Fig. 3. Flexible carboxy termini wobble between the cavity-specific tight (T) and relaxed (R”) conformations.

a Molecular model of asymmetric GroEL-GroES complexes showing filling of the void by CTSs (red space filled). GroEL and GroES are in pale-blue and pink, respectively. One GroEL subunit in each ring is colour-coded to make the change in domain architecture easier to visualise. A, I and E represent apical, intermediate, and equatorial domains, respectively. b Conformational snapshots showing the series of conformations visited by the GroEL heptamer during transition from the T to the R” state. Domains in all the subunits are colour-coded as in (a). Two subunits were removed in the display to reveal the dynamics of CTSs inside the cavity. c Bottom view of the cavity showing the gradual opening of the aperture during the transition, and the dynamic movement of the CTSs. d Cartoon representations of single subunits from the two heptameric rings of GroEL in T and R” conformational states that were subjected to NMA. The rotation and transition of the CTSs are indicated. The helices F, H, I and M are indicated as αF, αH, αI and αM, respectively. e Residue level fluctuations in the torsion angles and displacements of alpha carbon atoms. Fluctuations in the indicated angles and displacements with respect to the T state that were calculated for all seven subunits were averaged and plotted as a function of the primary structure of a subunit. E, I, A, and G represent the regions of GroEL primary structure spanning the corresponding domains as colour-coded in the molecular model. The bold lines mark the regions and are scaled according to the size of the indicated helices.

Fig. 4. Variations in GroEL carboxy terminus affect chaperonin function.

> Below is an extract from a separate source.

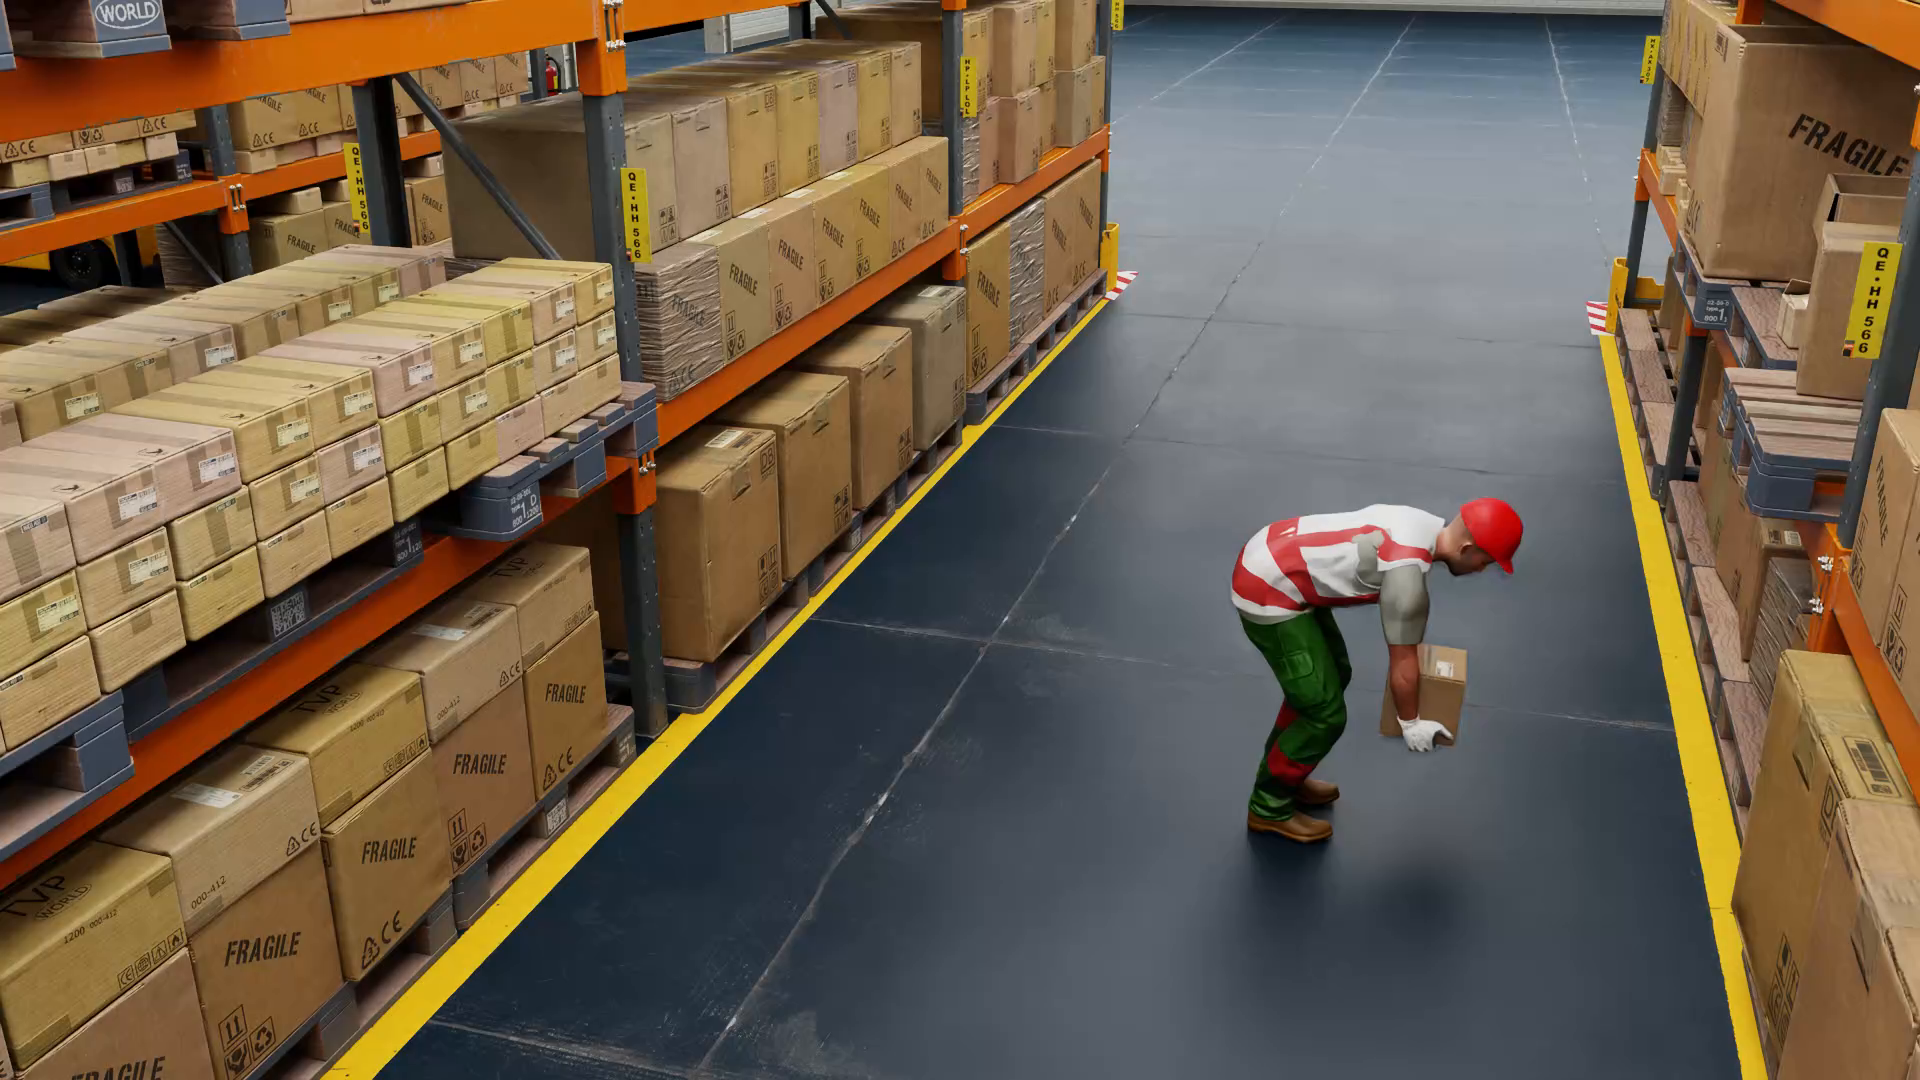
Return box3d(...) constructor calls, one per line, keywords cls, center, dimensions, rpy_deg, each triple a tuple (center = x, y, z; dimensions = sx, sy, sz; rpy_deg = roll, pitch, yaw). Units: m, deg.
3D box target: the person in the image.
box3d(cls="person", center=(1.382, 0.420, 5.712), dimensions=(0.927, 1.258, 0.507), rpy_deg=(6, 22, 14))

a Pairwise correlation matrices showing differential displacement of the indicated 13 residue carboxy-terminal peptides of the GroEL CTS variants that are shown and colour-coded as in Fig. S6. A to G indicate the subunit chains in the heptameric ring. b Serially diluted cultures of groEL conditional mutant strains, E. coli LG6 and E. coli MGM100 that are expressing the indicated groEL CTS variants, were spotted on LB agar plates. The plates were supplemented as indicated and incubated at 30 °C.

Fig. 5. The possible mode of action of carboxy terminal segments.

Model depicting a hypothetical role for CTSs role in the chaperonin mechanism. Please refer to text for details.